Et surtout tu es assuré qu'il ne traîne pas une bête faute de frappe.

Pour d'éventuel problème de mémorisation des raccourcis, je tiens à t'assurer que rien que les trois que je t'ai donné sont suffisant pour accélérer notablement le travail.

----------

## Temet

C'est qu'il va finir par me faire installer Emacs celui là!   :Laughing: 

----------

## Magic Banana

Tu m'encourrages à continuer ma propagande pro-emacs !  :Razz: 

Sais-tu, par exemple, qu'en sachant utiliser tes terminaux (ou eurs émulations graphiques) tu sais déjà utiliser les principales commandes d'Emacs (ou le contraire). Par exemple :

C-A pour aller au début de la ligne

C-E pour aller à la fin de la ligne

M-[backspace] pour supprimer le dernier mot

M-D pour supprimer le mot suivant

C-R pour rechercher en arrière (dans l'historique pour bash)

M-B pour reculer d'un mot

etc.

Bref, apprendre à utiliser de façon efficace tes terminaux est synonyme d'apprendre les commandes essentielles d'Emacs ! Voilà un apprentissage qu'il est utile !  :Razz: 

Et puis, sais-tu qu'Emacs sait écrire avec différentes grosseures de texte (avec X).
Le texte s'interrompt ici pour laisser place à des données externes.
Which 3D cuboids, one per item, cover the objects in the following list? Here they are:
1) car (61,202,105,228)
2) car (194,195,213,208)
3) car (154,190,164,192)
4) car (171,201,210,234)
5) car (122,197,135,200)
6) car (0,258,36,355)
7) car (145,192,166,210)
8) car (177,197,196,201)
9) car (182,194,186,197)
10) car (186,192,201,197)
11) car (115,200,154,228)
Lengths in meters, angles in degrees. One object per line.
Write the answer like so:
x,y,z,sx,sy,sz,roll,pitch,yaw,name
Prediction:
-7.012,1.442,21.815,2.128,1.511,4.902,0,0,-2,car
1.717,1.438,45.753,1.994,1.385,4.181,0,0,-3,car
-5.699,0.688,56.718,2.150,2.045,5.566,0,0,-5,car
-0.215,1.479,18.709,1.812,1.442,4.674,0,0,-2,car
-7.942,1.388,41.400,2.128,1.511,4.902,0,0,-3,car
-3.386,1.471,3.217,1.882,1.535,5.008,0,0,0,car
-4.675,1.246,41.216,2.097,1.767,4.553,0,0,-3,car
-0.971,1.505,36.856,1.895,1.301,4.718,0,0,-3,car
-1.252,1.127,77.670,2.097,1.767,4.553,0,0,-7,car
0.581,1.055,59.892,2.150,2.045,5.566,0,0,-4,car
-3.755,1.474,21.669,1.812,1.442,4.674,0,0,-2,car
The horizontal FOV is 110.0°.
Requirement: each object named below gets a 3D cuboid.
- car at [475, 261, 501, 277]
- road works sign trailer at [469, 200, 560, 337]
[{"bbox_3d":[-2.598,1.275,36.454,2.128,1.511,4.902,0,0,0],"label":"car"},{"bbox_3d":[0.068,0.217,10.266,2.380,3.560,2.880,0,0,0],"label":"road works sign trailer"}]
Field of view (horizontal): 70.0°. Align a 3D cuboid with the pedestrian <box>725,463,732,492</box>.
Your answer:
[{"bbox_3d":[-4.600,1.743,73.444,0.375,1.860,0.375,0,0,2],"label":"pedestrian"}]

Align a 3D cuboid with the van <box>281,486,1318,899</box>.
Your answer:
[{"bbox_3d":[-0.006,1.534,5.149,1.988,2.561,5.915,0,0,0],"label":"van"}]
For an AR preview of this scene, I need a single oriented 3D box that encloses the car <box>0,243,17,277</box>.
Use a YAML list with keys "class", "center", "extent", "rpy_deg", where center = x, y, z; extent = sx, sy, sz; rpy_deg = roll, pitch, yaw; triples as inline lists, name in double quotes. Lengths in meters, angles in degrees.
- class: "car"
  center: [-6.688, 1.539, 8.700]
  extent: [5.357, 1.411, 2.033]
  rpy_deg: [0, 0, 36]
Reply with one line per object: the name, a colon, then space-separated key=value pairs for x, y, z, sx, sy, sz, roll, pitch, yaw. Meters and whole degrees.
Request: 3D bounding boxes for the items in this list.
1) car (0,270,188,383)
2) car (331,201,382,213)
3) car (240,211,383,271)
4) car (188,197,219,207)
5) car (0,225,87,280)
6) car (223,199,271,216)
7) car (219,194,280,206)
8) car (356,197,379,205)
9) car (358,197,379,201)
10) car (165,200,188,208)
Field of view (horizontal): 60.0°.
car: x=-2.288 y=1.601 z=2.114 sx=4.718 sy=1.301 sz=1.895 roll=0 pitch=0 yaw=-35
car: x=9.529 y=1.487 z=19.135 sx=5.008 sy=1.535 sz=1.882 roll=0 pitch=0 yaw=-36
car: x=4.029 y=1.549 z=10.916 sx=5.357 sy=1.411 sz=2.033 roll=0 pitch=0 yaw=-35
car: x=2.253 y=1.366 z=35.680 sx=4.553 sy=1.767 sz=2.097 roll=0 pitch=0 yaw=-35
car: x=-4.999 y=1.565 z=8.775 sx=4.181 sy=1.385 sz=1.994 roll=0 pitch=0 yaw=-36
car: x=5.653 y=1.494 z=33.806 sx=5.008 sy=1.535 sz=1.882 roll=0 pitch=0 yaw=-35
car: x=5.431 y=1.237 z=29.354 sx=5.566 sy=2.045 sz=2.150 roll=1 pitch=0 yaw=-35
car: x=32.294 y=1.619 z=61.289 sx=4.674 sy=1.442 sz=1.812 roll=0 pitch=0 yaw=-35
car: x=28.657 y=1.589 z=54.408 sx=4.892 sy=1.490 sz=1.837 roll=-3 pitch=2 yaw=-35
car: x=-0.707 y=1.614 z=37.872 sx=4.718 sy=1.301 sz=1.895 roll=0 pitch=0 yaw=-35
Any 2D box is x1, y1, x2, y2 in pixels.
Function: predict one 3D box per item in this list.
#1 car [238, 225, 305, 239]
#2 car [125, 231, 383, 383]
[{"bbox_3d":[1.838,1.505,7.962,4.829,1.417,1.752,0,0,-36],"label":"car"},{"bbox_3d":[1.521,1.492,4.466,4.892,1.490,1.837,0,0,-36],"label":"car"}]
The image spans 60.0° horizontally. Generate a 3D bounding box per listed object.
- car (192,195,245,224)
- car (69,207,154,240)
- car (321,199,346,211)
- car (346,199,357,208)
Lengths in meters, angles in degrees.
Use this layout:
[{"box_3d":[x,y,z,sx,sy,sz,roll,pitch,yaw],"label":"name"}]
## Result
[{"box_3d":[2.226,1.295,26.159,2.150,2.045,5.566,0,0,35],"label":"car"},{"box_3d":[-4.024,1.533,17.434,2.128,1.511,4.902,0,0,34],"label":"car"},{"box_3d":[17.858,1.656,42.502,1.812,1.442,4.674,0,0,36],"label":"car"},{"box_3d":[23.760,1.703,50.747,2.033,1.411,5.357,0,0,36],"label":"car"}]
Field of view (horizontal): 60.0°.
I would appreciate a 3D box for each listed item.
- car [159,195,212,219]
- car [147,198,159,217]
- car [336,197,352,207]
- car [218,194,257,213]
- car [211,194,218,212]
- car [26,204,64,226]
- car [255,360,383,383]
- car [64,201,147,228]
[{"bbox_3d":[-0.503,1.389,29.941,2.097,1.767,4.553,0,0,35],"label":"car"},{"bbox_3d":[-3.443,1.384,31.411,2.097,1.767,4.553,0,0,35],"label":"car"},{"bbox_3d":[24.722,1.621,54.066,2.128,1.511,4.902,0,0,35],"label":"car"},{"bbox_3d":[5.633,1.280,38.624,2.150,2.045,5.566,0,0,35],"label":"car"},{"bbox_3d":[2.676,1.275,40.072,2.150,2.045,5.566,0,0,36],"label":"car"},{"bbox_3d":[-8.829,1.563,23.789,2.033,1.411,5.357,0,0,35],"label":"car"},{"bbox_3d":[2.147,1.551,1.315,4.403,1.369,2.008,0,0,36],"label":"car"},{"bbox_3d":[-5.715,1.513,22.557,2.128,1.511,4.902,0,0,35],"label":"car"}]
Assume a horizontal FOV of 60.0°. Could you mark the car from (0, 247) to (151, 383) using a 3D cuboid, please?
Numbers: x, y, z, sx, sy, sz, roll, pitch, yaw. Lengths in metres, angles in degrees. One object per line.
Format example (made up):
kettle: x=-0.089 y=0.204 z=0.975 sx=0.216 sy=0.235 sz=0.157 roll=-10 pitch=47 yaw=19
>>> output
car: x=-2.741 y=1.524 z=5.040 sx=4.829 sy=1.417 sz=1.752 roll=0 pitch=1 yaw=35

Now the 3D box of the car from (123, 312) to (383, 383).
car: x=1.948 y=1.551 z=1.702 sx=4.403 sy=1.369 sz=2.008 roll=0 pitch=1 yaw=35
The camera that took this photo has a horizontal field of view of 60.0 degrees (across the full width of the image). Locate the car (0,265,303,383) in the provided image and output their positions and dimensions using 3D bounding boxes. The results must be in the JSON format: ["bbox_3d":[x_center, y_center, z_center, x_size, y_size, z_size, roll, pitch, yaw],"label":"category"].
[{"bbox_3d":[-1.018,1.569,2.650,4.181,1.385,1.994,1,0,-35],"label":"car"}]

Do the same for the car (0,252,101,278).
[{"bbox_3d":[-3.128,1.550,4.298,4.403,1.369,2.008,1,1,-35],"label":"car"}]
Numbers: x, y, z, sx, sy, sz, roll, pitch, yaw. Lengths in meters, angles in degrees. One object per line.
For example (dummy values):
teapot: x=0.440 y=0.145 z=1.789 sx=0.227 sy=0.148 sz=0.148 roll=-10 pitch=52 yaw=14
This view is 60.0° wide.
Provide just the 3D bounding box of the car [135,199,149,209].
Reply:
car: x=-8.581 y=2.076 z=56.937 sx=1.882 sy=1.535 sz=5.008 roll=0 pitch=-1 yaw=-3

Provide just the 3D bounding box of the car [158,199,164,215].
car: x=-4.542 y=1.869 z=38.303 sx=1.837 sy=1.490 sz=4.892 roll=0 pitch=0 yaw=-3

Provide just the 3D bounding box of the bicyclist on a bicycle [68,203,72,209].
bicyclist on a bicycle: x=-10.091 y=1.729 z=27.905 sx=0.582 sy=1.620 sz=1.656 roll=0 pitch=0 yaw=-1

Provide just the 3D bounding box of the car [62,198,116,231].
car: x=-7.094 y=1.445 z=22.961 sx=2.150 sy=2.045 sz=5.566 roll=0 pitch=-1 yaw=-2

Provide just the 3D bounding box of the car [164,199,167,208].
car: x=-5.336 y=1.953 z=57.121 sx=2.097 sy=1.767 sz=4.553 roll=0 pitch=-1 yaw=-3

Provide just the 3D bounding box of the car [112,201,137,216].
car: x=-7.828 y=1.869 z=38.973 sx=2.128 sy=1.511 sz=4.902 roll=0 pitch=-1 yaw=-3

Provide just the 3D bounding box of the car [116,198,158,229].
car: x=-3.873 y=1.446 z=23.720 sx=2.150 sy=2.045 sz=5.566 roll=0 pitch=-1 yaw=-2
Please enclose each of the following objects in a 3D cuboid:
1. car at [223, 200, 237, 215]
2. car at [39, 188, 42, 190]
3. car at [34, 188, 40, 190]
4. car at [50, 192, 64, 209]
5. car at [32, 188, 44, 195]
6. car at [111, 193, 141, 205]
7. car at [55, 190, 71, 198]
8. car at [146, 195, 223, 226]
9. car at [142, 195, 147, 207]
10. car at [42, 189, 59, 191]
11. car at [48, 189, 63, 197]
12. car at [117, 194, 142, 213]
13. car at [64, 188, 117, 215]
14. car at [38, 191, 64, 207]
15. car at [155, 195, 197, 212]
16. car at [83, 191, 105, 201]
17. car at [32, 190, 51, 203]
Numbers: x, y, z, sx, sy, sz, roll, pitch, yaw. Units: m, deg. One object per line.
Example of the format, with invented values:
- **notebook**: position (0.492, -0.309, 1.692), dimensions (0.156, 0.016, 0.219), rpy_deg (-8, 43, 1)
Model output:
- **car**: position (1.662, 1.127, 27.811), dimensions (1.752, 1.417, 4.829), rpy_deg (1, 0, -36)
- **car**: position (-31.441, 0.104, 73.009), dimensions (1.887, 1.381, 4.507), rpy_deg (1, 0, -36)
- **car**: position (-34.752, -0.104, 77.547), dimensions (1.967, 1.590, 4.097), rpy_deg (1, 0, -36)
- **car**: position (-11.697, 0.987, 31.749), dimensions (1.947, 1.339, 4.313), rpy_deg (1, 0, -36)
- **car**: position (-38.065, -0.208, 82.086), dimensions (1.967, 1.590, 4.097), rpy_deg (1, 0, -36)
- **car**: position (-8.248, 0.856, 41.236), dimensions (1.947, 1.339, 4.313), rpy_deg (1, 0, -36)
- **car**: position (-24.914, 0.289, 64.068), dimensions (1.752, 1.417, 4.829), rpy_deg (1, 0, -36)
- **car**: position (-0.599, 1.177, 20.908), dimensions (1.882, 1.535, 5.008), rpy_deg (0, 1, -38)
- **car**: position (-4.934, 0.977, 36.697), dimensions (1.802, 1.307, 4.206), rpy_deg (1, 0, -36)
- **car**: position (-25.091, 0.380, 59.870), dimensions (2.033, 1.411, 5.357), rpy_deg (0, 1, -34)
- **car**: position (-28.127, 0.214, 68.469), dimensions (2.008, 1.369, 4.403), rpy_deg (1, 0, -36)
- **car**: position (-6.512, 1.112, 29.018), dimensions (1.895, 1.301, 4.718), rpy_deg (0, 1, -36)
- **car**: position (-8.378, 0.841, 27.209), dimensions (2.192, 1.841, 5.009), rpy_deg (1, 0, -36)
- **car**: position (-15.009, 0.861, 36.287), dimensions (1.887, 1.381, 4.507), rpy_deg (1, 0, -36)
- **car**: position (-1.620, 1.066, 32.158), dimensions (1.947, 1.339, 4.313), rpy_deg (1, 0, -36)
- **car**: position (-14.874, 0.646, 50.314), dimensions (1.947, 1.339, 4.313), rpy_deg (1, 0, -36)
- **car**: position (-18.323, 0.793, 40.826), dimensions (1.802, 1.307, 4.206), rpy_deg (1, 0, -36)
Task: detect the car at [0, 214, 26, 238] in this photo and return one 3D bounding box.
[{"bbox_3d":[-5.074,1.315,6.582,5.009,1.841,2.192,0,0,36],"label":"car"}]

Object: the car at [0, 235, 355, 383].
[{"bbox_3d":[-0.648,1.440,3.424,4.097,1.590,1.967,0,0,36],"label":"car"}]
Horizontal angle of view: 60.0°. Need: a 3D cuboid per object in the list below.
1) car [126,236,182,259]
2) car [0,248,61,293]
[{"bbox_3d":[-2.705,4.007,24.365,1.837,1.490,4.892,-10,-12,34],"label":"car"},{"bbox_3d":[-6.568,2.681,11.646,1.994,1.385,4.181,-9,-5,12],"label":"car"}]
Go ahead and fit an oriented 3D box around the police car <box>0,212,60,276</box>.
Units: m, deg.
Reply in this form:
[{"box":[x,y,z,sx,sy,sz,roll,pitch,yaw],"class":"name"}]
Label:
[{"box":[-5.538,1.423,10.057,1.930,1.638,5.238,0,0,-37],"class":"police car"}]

Résultat, avec AUC TeX, bien qu'ils soient tous de la même couleur (couleur banane !  :Very Happy:  ), les titres de chapitres sautent plus aux yeux que les titres de sections qui, eux-même, sautent plus aux yeux que les titres de sous-section, etc.

Dis moi, Temet, le "emerge auctex" est en cours ?  :Very Happy: 

----------

## yoyo

 *Magic Banana wrote:*   

> Dis moi, Temet, le "emerge auctex" est en cours ? 

 Mais lequel ???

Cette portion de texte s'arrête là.